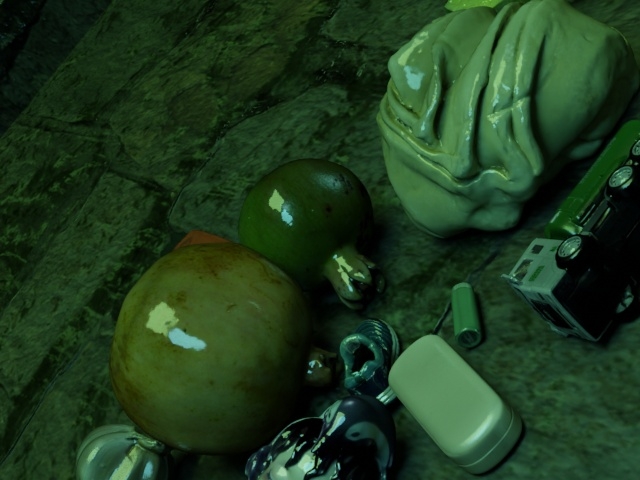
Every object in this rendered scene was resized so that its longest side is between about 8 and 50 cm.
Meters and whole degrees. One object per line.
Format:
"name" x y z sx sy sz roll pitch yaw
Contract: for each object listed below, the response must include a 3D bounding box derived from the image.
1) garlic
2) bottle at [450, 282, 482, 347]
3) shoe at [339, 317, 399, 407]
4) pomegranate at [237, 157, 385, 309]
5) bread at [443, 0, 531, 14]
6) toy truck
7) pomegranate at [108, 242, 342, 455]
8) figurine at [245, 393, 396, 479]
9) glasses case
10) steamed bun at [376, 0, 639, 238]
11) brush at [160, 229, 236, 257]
"garlic" -0.257 0.320 1.631 0.131 0.127 0.194 -45 -28 -80
"bottle" 0.162 0.082 1.436 0.030 0.030 0.083 -33 31 23
"shoe" 0.052 0.135 1.474 0.064 0.071 0.143 -34 27 21
"pomegranate" -0.015 -0.001 1.636 0.179 0.179 0.210 -33 44 24
"bread" 0.236 -0.281 1.705 0.111 0.114 0.129 -43 32 -6
"toy truck" 0.294 -0.018 1.316 0.242 0.101 0.125 -51 24 -13
"pomegranate" -0.110 0.131 1.537 0.252 0.271 0.229 -67 -6 -48
"figurine" 0.000 0.261 1.351 0.222 0.145 0.145 -56 28 6
"glasses case" 0.137 0.167 1.343 0.083 0.050 0.196 -44 29 2
"steamed bun" 0.200 -0.165 1.511 0.289 0.203 0.276 -17 40 41
"brush" -0.156 0.034 1.901 0.070 0.051 0.323 -47 25 -14
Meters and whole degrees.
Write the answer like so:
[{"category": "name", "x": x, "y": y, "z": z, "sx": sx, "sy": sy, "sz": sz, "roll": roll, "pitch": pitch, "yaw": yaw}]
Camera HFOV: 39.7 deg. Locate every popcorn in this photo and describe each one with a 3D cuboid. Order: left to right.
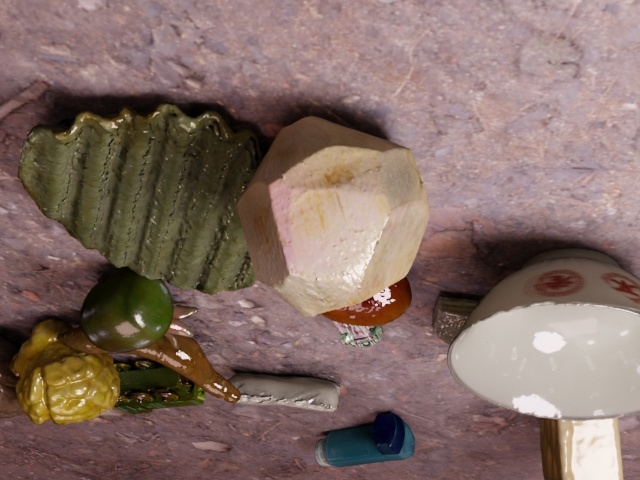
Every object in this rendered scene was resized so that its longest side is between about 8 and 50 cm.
[{"category": "popcorn", "x": -0.472, "y": 0.243, "z": 1.655, "sx": 0.200, "sy": 0.203, "sz": 0.226, "roll": -22, "pitch": 177, "yaw": 26}]

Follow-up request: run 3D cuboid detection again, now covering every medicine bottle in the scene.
[{"category": "medicine bottle", "x": 0.091, "y": 0.436, "z": 1.905, "sx": 0.258, "sy": 0.079, "sz": 0.124, "roll": -20, "pitch": 142, "yaw": 39}]

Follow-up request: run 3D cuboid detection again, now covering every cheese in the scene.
[{"category": "cheese", "x": 0.453, "y": 0.361, "z": 1.545, "sx": 0.104, "sy": 0.384, "sz": 0.384, "roll": -3, "pitch": 147, "yaw": 8}]

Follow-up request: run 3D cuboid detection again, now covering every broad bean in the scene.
[{"category": "broad bean", "x": 0.055, "y": 0.071, "z": 1.318, "sx": 0.165, "sy": 0.084, "sz": 0.114, "roll": 5, "pitch": 126, "yaw": 0}]

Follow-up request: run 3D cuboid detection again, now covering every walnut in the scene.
[{"category": "walnut", "x": -0.640, "y": 0.274, "z": 1.749, "sx": 0.178, "sy": 0.178, "sz": 0.230, "roll": -1, "pitch": 159, "yaw": 15}]

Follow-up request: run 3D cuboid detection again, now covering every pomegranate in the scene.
[{"category": "pomegranate", "x": -0.292, "y": 0.119, "z": 1.455, "sx": 0.152, "sy": 0.131, "sz": 0.191, "roll": -20, "pitch": 157, "yaw": 38}]

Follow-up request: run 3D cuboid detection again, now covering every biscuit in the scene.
[{"category": "biscuit", "x": 0.300, "y": 0.147, "z": 1.417, "sx": 0.249, "sy": 0.046, "sz": 0.147, "roll": 8, "pitch": 149, "yaw": 1}]

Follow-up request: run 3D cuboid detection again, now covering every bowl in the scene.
[{"category": "bowl", "x": 0.349, "y": 0.114, "z": 1.242, "sx": 0.337, "sy": 0.158, "sz": 0.337, "roll": 6, "pitch": 145, "yaw": 4}]

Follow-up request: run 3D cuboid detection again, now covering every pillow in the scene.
[{"category": "pillow", "x": -0.074, "y": 0.287, "z": 1.691, "sx": 0.229, "sy": 0.051, "sz": 0.128, "roll": 4, "pitch": -169, "yaw": 9}]

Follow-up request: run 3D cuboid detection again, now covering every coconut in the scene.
[{"category": "coconut", "x": 0.014, "y": -0.036, "z": 1.061, "sx": 0.236, "sy": 0.237, "sz": 0.197, "roll": 6, "pitch": -176, "yaw": 4}]

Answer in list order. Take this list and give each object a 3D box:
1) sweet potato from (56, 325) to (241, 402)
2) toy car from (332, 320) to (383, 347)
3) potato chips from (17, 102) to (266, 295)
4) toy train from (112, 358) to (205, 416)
[{"category": "sweet potato", "x": -0.290, "y": 0.194, "z": 1.586, "sx": 0.346, "sy": 0.079, "sz": 0.108, "roll": 23, "pitch": 127, "yaw": -8}, {"category": "toy car", "x": 0.049, "y": 0.112, "z": 1.413, "sx": 0.069, "sy": 0.055, "sz": 0.142, "roll": -14, "pitch": 120, "yaw": 29}, {"category": "potato chips", "x": -0.226, "y": -0.045, "z": 1.217, "sx": 0.358, "sy": 0.070, "sz": 0.429, "roll": 12, "pitch": 149, "yaw": -9}, {"category": "toy train", "x": -0.330, "y": 0.295, "z": 1.777, "sx": 0.225, "sy": 0.090, "sz": 0.137, "roll": -9, "pitch": 152, "yaw": 26}]
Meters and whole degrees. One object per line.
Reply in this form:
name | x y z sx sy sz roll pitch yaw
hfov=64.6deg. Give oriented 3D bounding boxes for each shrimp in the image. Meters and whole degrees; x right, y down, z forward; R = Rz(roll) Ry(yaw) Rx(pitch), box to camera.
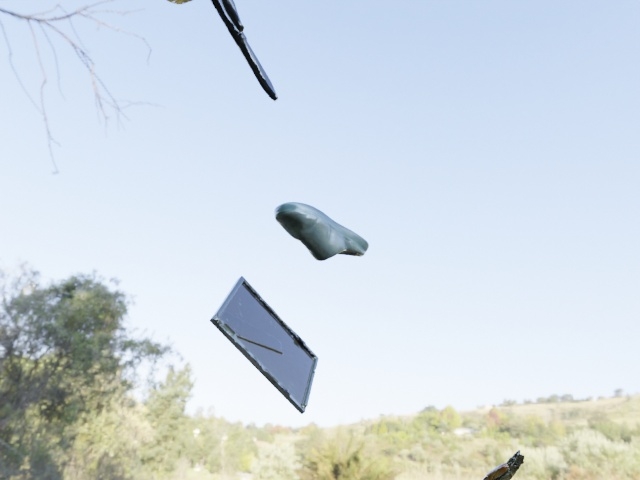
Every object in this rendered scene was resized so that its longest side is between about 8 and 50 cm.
shrimp | 0.303 0.395 0.858 0.059 0.023 0.108 9 -59 -27

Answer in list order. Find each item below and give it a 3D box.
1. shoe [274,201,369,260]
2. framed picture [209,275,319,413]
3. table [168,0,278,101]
shoe | 0.000 0.000 1.137 0.251 0.100 0.103 24 -24 -29
framed picture | -0.110 0.219 1.109 0.019 0.209 0.281 -38 -81 19
table | -0.098 -0.366 0.715 0.317 0.249 0.317 -36 -5 -4
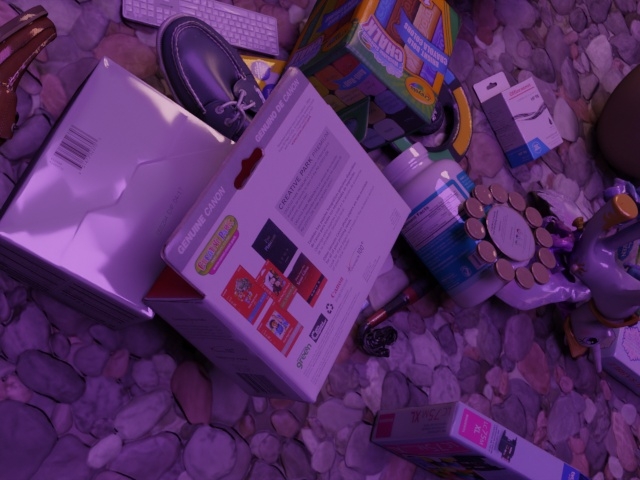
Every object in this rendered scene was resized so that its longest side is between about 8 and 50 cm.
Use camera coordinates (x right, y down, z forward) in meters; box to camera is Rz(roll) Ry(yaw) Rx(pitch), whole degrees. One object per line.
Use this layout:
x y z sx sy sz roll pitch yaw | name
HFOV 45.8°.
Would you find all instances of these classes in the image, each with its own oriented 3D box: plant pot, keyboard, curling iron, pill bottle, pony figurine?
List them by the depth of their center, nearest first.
-0.179 -0.342 1.166 0.255 0.014 0.072 7 74 -31 | keyboard
0.207 -0.030 1.237 0.146 0.146 0.264 -35 85 -34 | pill bottle
0.149 0.102 1.250 0.274 0.035 0.068 -39 121 -38 | curling iron
0.465 0.044 1.316 0.302 0.363 0.351 -29 78 -27 | pony figurine
0.696 -0.237 1.586 0.284 0.191 0.284 8 74 -31 | plant pot

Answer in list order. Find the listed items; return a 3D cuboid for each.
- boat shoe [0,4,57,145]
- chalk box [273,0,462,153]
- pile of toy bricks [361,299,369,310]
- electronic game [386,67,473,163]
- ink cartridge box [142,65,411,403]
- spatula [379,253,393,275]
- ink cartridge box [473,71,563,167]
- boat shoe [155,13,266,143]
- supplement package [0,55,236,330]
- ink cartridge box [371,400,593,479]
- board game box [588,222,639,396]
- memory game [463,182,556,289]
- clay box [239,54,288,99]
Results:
-0.419 -0.156 0.919 0.104 0.110 0.307 46 68 -19 | boat shoe
0.065 -0.256 1.138 0.179 0.180 0.289 38 56 -26 | chalk box
-0.035 0.112 1.085 0.212 0.118 0.105 -38 83 -24 | pile of toy bricks
0.181 -0.232 1.345 0.229 0.048 0.230 8 74 -31 | electronic game
-0.059 -0.009 0.932 0.272 0.130 0.310 49 55 -30 | ink cartridge box
0.000 0.000 1.188 0.241 0.019 0.168 -17 88 -34 | spatula
0.382 -0.244 1.467 0.104 0.060 0.180 -30 94 -34 | ink cartridge box
-0.105 -0.173 1.050 0.116 0.099 0.320 -42 118 -19 | boat shoe
-0.266 -0.053 0.956 0.204 0.145 0.262 33 62 -22 | supplement package
0.253 0.339 1.160 0.311 0.185 0.065 30 61 -23 | ink cartridge box
0.709 0.178 1.562 0.318 0.066 0.318 34 62 -21 | board game box
0.293 -0.008 1.174 0.186 0.012 0.186 17 55 -26 | memory game
-0.074 -0.214 1.175 0.221 0.053 0.128 -2 80 -32 | clay box
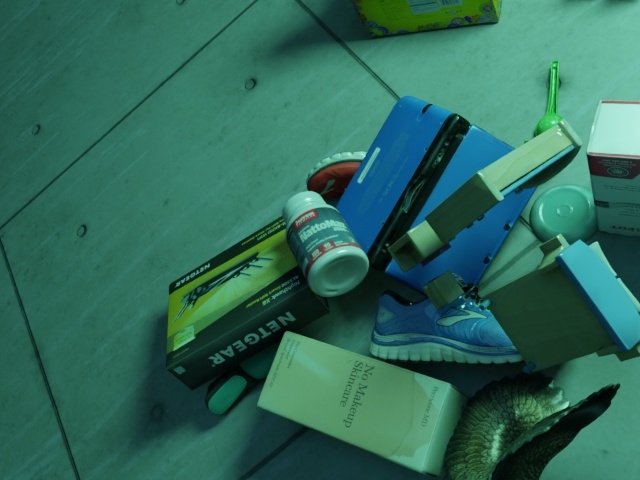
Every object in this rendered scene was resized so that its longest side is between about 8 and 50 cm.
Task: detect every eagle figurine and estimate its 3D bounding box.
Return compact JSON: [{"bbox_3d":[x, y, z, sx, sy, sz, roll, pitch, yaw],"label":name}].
[{"bbox_3d":[0.274,0.318,0.953,0.226,0.225,0.298,10,81,36],"label":"eagle figurine"}]

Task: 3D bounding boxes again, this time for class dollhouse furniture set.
[{"bbox_3d":[0.309,0.040,0.969,0.198,0.286,0.303,-30,81,-31],"label":"dollhouse furniture set"}]

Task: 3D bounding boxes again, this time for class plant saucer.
[{"bbox_3d":[0.415,-0.047,1.153,0.119,0.021,0.119,-11,63,23],"label":"plant saucer"}]

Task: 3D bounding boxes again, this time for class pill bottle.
= = = = =
▸ **Problem to solve**: Nothing but the lines from the one containing "Task: detect every" through the last line of the data above should be given again, each exactly as it stands.

▸ **Task response**:
Task: detect every eagle figurine and estimate its 3D bounding box.
Return compact JSON: [{"bbox_3d":[x, y, z, sx, sy, sz, roll, pitch, yaw],"label":name}].
[{"bbox_3d":[0.274,0.318,0.953,0.226,0.225,0.298,10,81,36],"label":"eagle figurine"}]

Task: 3D bounding boxes again, this time for class dollhouse furniture set.
[{"bbox_3d":[0.309,0.040,0.969,0.198,0.286,0.303,-30,81,-31],"label":"dollhouse furniture set"}]

Task: 3D bounding boxes again, this time for class plant saucer.
[{"bbox_3d":[0.415,-0.047,1.153,0.119,0.021,0.119,-11,63,23],"label":"plant saucer"}]

Task: 3D bounding boxes again, this time for class pill bottle.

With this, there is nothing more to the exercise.